(DATASET RECORDS)

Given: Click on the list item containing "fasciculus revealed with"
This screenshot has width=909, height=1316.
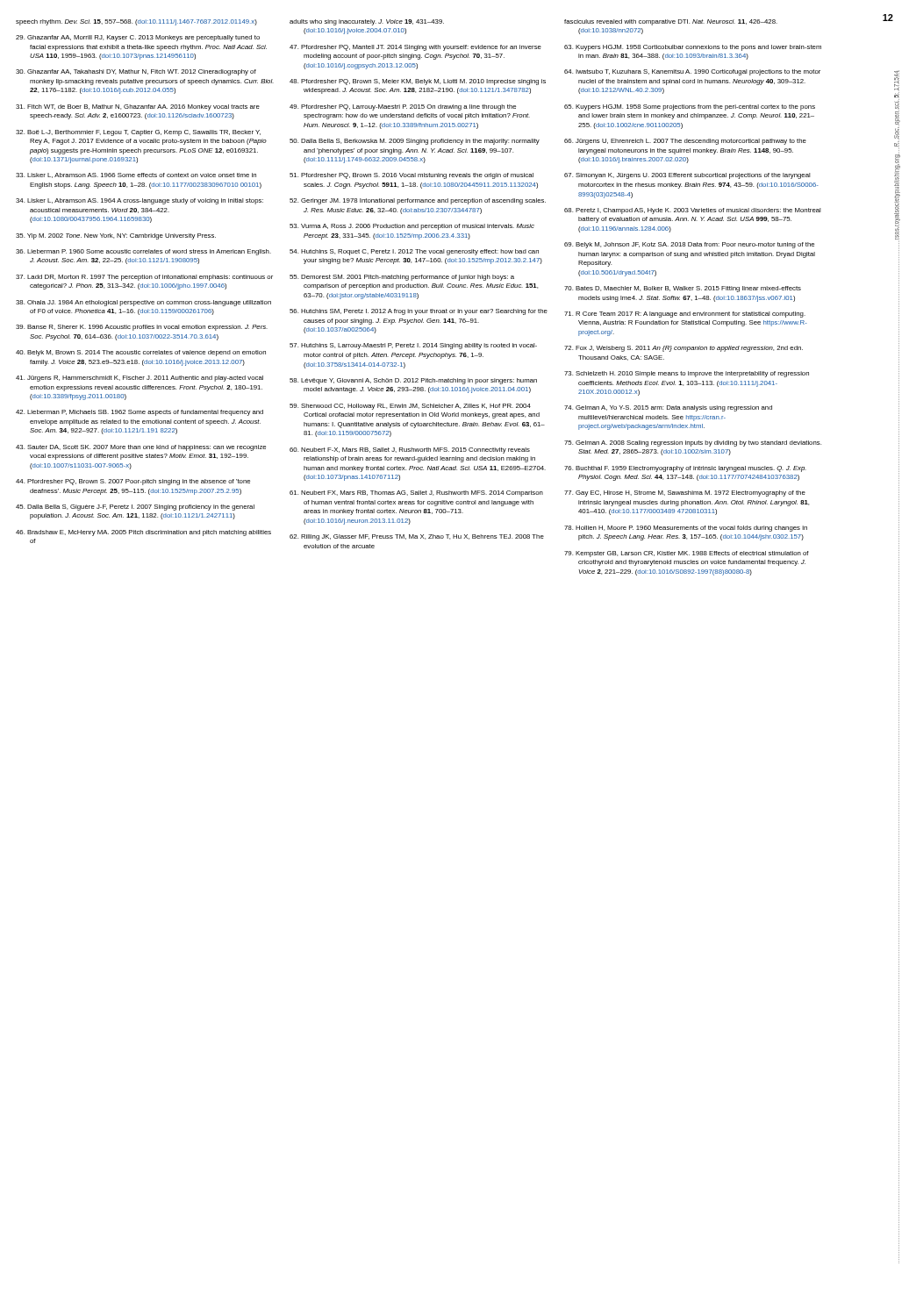Looking at the screenshot, I should tap(694, 297).
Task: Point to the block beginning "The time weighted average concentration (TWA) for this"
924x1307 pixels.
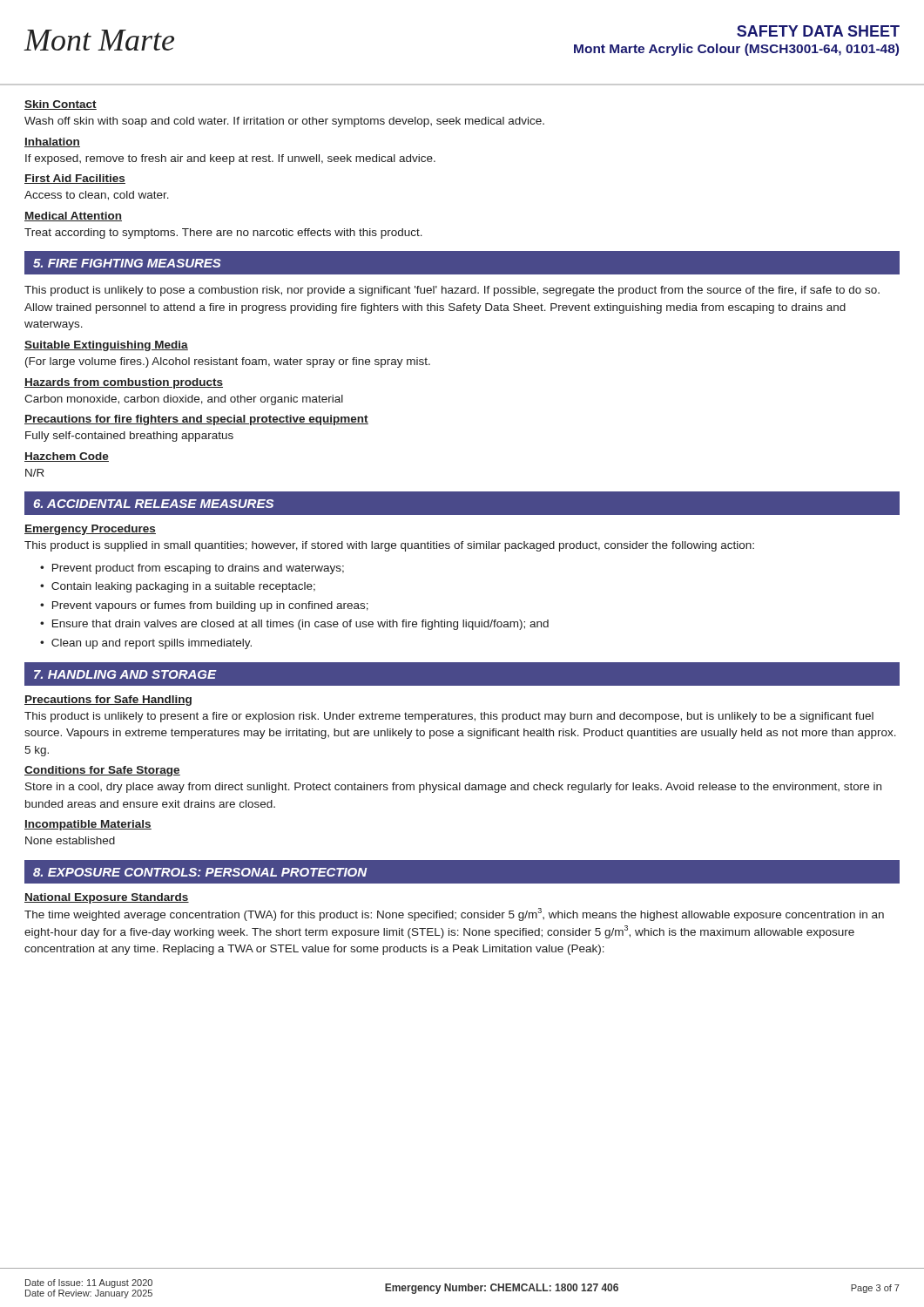Action: coord(454,931)
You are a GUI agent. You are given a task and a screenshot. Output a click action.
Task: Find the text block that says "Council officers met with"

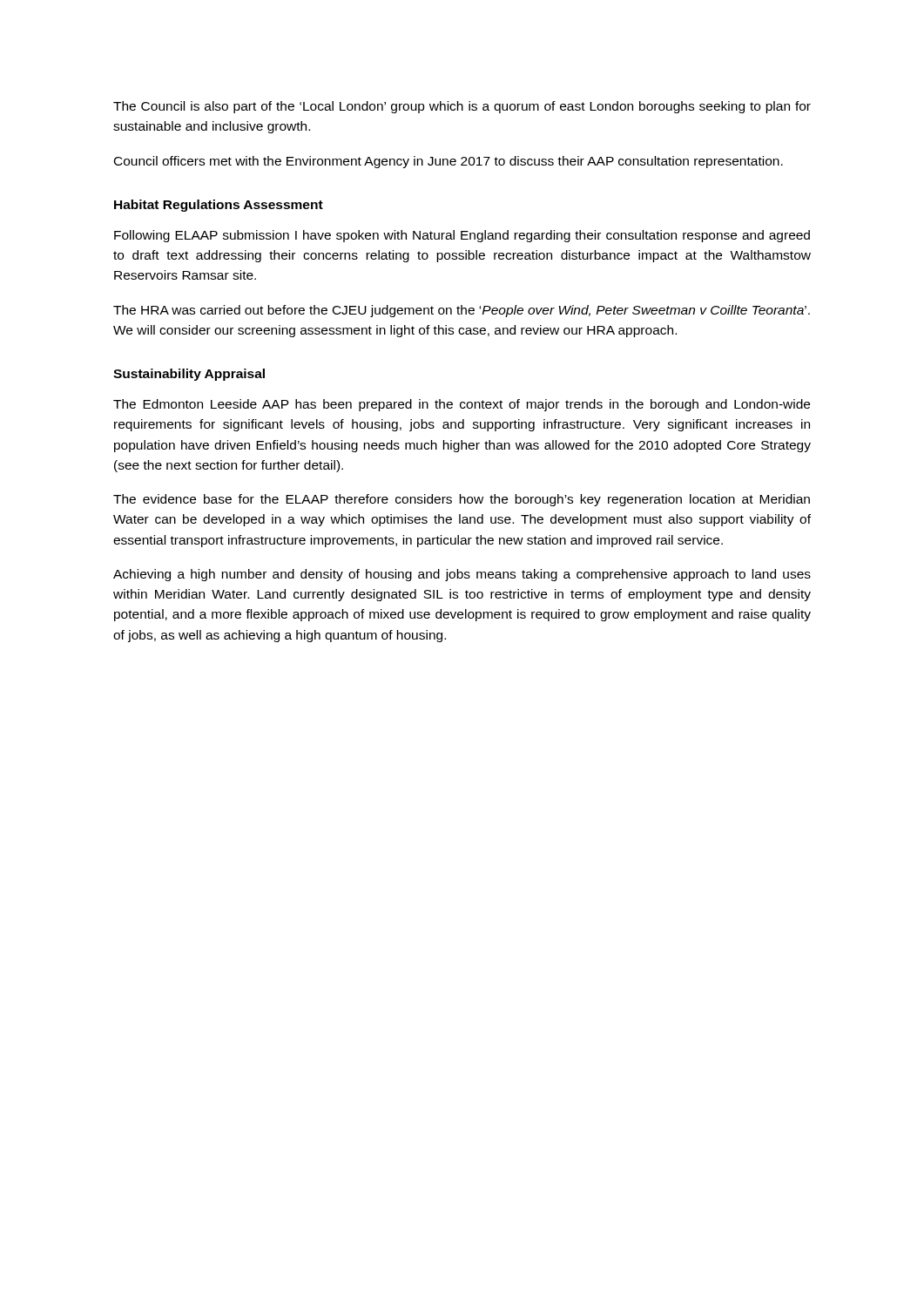click(448, 160)
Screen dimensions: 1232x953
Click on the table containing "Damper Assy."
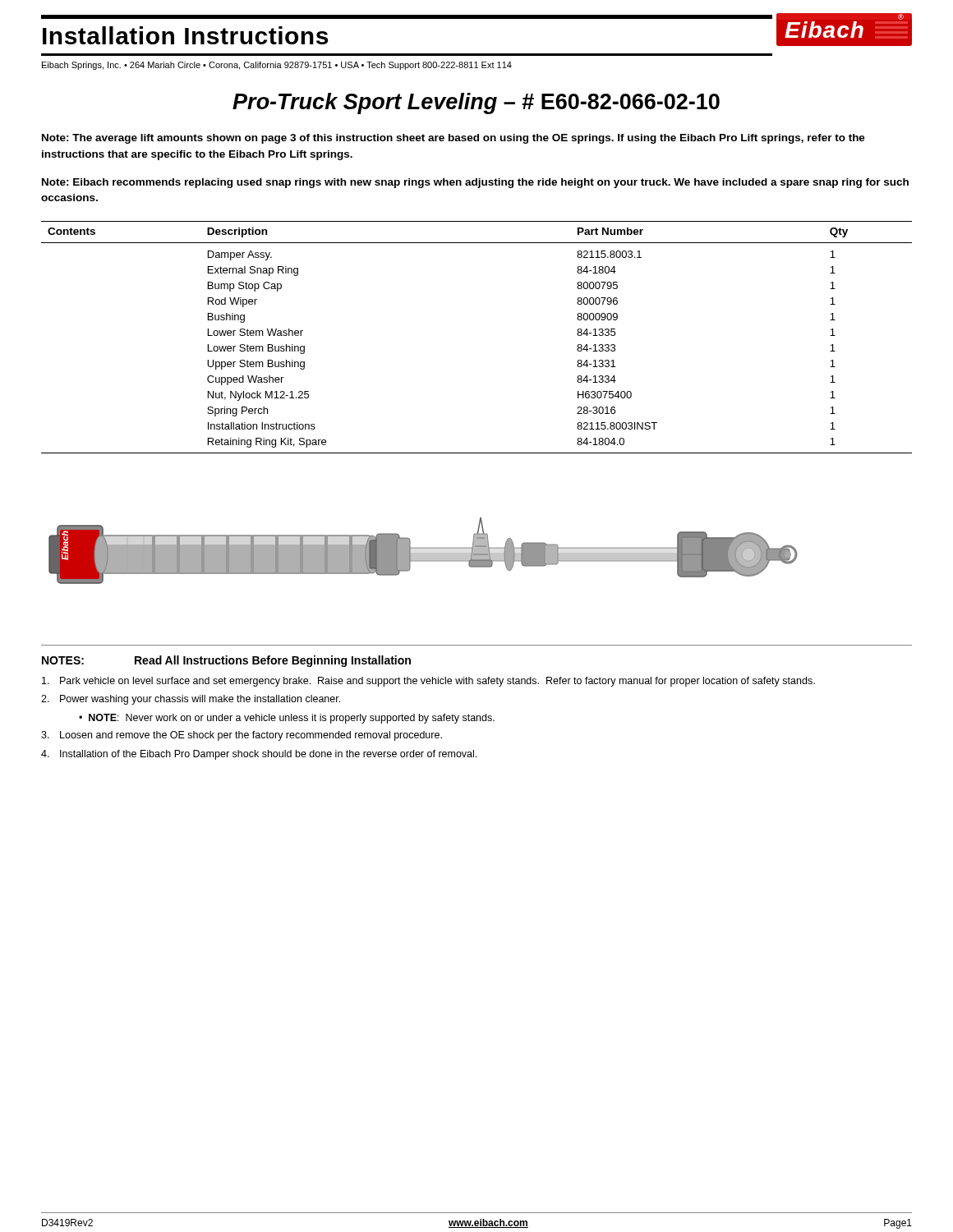(476, 337)

(End DATASET RECORDS)

◆ AIM OF THE EXERCISE ◆
Exact copy, no pictures: reproduce every record above.

◆ EXERCISE RESULT ◆
Given: Click on the list item containing "fasciculus revealed with"
This screenshot has width=909, height=1316.
Looking at the screenshot, I should tap(694, 297).
Task: Point to the block beginning "The time weighted average concentration (TWA) for this"
924x1307 pixels.
Action: coord(454,931)
You are a GUI agent. You are given a task and a screenshot. Output a click action.
Task: Find the text block that says "Council officers met with"

click(448, 160)
Screen dimensions: 1232x953
Click on the table containing "Damper Assy."
(476, 337)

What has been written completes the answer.